Since she’s lovable your pet and a family member, you might be able to predict how she is likely to react. With that knowledge, you can accelerate the brushing process or take it slow and steady; whatever works best for her should be adopted. If at any point, your dog becomes resistant, stop and instead try some other day again. Do not force your dog but take it slow as some dogs may take a few weeks to get used to the new habit.
More Tips on Brushing a Dog’s Teeth
While brushing your dog’s teeth, it’s best to consider the tips outlined below as they are sure to come in handy.
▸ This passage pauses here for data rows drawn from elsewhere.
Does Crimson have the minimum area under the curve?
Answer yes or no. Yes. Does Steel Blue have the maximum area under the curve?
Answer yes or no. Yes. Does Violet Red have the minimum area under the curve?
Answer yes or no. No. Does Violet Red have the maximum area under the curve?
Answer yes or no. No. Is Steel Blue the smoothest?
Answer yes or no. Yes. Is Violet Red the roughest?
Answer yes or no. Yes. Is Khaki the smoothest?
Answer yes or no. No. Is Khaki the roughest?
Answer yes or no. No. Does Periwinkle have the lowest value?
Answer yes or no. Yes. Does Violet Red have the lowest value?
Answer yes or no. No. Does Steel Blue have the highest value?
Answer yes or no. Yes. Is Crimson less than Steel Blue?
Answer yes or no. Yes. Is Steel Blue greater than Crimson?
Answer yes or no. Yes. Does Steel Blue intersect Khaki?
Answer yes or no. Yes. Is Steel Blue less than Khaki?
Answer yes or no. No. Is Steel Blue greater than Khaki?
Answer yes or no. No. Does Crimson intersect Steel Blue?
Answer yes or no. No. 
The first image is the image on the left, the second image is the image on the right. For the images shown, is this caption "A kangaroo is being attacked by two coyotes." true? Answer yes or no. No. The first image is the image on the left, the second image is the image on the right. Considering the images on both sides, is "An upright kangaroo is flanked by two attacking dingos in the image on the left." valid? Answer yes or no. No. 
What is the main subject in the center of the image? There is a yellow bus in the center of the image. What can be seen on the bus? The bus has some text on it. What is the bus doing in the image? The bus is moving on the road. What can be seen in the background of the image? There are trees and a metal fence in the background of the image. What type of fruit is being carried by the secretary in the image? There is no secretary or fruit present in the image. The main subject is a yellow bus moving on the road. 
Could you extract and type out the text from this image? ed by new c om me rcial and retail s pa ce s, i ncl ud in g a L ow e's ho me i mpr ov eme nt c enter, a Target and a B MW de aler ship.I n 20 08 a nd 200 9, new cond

They include:
- It’s best to brush your pet’s teeth when she’s tired after playtime or after a lengthy walk.
- If a toothbrush isn’t yielding desirable result, then you should consider using dental wipes.
- If at any point your dog should show any sign of aggression, stop brushing immediately.
- You don’t need to wipe off toothpaste from your dog’s teeth.
- You need not pay so much attention to the lower teeth as you would to the upper teeth.
How Often Should a Dog’s Teeth Be Brushed?
As humans, we brush our teeth after every meal, and this should be the same with dogs, too, although, in reality, many of us do not have time for this. Hence, it is recommended that you brush your dog’s teeth at least once a day but if you have a very tight schedule, then you can have it brushed several times a week.
Note that for puppies and smaller dogs with flat or short broad snouts (an example of which includes bulldogs, pugs, and so on), it is recommended you brush their teeth more frequently. Since their mouth is small, their teeth are usually more crowded and hence are more prone to periodontal diseases.
Symptoms of Dental Problems in Dogs
While brushing your dog’s teeth, you may feel concerned about your dog’s dental health, and that’s perfectly normal. If at any point you are concerned about your dog’s dental health, then you should consult a vet doctor to take a look at it.
Some of the symptoms of dental problems in dogs include the following:
- When there are tumors or cysts in your pet’s mouth;
- Loose or missing teeth;
- Swollen or bleeding gums;
- Excessive drooling of your dog;
- Bad breathe.
If you notice any of these signs, then it’s an indication that you need to pay a visit to the vet. There, the doctor will be in the best position to point you in the right direction to follow and will tell if your dog will only be needing a routine cleaning or a more thorough examination.
Most dogs only require regular brushing of teeth, lots of fresh water and an occasional dental chew. This in addition to the information you have gotten from this article on How To Brush A Dog’s Teeth should be enough to ensure a healthy set of teeth for many years to come.